Je moet dit op een andere manier benaderen. Het is iets groots, iets mystieks, niet zomaar iets wat aan de eerste de beste gegeven is. Maar misschien is zelfs het bezit van wijsheid niet voldoende om voor jongeren te kunnen zorgen. Je moet er ook een zekere aanleg en geschiktheid voor hebben en, bij Zeus, het juiste lichaam; en in het bijzonder heb je Gods advies nodig om die positie in te nemen, zoals hij Socrates adviseerde de weerleggende positie in te nemen, Diogenes de koninklijke en verwijtende positie, Zeno de onderwijzende en dogmatische positie.95 Maar jij opent een dokterspraktijk96 terwijl je alleen maar de medicijnen hebt, maar wanneer en hoe je die moet toedienen, daar heb je geen idee van en daar heb je je ook niet mee beziggehouden. ‘Kijk hem daar: hij heeft oogzalf. Die heb ik ook.’ Maar toch zeker niet het vermogen daar goed gebruik van te maken? Je weet toch niet wie daar baat bij heeft en wanneer en hoe? Waarom dobbel je dan terwijl het gaat om het belangrijkste wat er is, waarom doe je daar zo gemakkelijk over, waarom stort je je op iets wat je helemaal niet toekomt? Laat dat over aan de mensen die het kunnen en die er goed in zijn. Zorg ervoor dat je de filosofie door je optreden geen slechte naam bezorgt en sluit je niet bij de mensen aan die haar te schande maken. Als je enthousiast bent over de leerstellingen, ga dan rustig zitten en denk er bij jezelf over na; maar noem jezelf nooit een filosoof en sta niet toe dat een ander dat doet; als dat toch gebeurt, moet je zeggen: ‘Hij vergist zich: ik streef nog naar hetzelfde als vroeger; ik richt mijn impulsen niet op andere dingen dan vroeger; ik betuig mijn instemming ook niet met andere zaken dan vroeger en ik ben in het algemeen in het gebruik van indrukken niets veranderd ten opzichte van mijn vroegere houding.’ Dát moet je bij jezelf denken en tegen jezelf zeggen, als je tenminste de juiste gedachten wilt hebben; en anders moet je maar lekker gaan zitten dobbelen en doen wat je doet. Dat hoort dan blijkbaar bij je.

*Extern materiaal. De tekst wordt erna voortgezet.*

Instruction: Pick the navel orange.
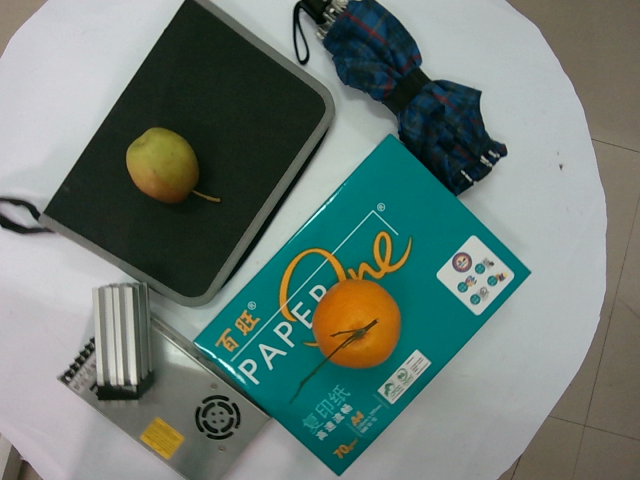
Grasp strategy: vertical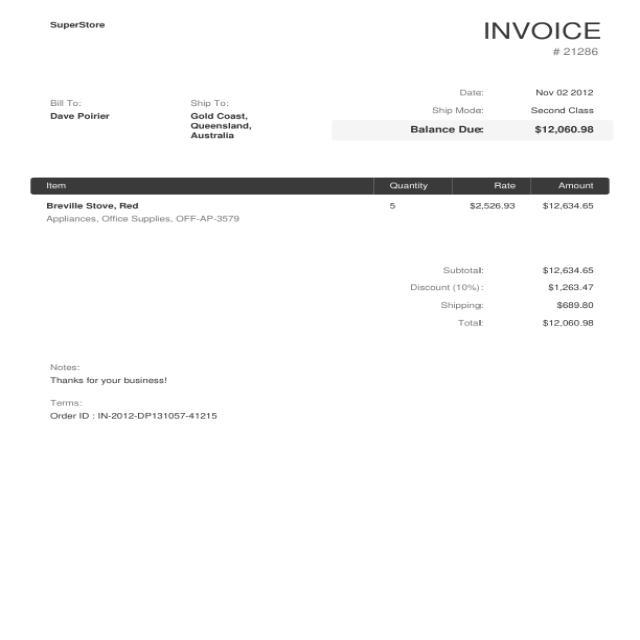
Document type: Invoice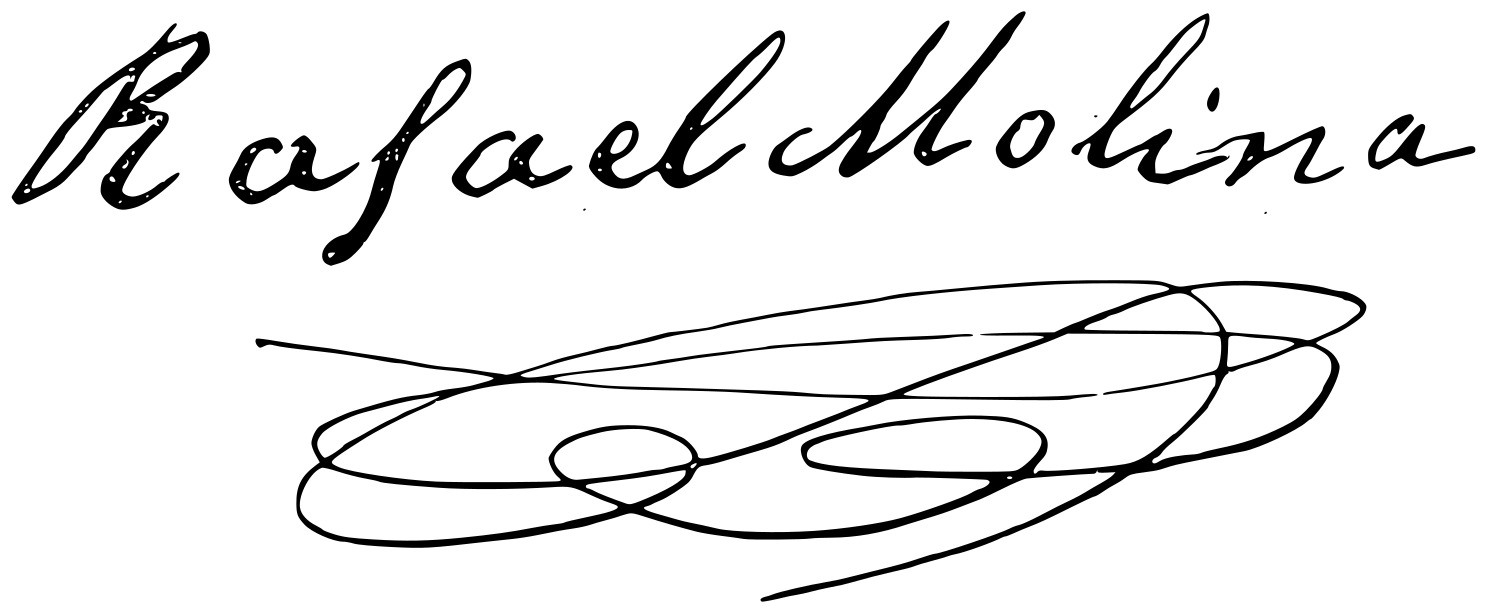
Signature of: rafael molina sánchez

hoofdstuk 22 De Cynische filosofie
Een van zijn kennissen, die leek te overwegen zich aan te sluiten bij de Cynici, vroeg hem een keer: – Wat voor iemand moet een Cynicus zijn en wat houdt dat eigenlijk in? Epictetus antwoordde: – Dat zullen we eens op ons gemak bekijken. Dit kan ik je wel vertellen: wie zo’n grote onderneming begint zonder God,97 maakt zich bij God gehaat en zal zich alleen maar in het openbaar belachelijk maken. Ik bedoel dit: in een huis waar alles goed geregeld is, komt ook niet zomaar iemand binnenlopen met de mededeling ‘ik kom hier de zaken regelen.’ Als iemand dat doet, en de heer des huizes hem bij thuiskomst op hoge toon orders ziet uitdelen, sleurt hij hem naar buiten en geeft hij hem een pak slaag. Zo gaat het ook in deze grote stad.98 Ook hier is namelijk een heer des huizes die alles bestuurt. ‘Jij bent de zon: jij kunt door je omwentelingen zorgen voor het jaar en de seizoenen, je kunt de gewassen laten groeien en voeden, je kunt ervoor zorgen dat de winden opsteken en weer gaan liggen en je kunt de lichamen van de mensen tot de juiste temperatuur verwarmen. Aan het werk dus: maak je omwentelingen en zet alles van groot tot klein in beweging. Jij bent een kalfje: als er een leeuw aankomt, doe dan wat je moet doen of het zal je berouwen. Jij bent een stier: eropaf dus en vechten; dat is jouw taak, dat past bij jou en dat kun jij doen. Jij bent in staat een leger naar Ilion99 te leiden: jij bent Agamemnon; jij bent in staat een tweegevecht te leveren met Hector: jij bent Achilles.’ Maar als Thersites100 de rol van leider kwam opeisen, dan zou hij die niet krijgen of, als hij hem wel kreeg, zou hij zich te midden van talloze getuigen belachelijk maken.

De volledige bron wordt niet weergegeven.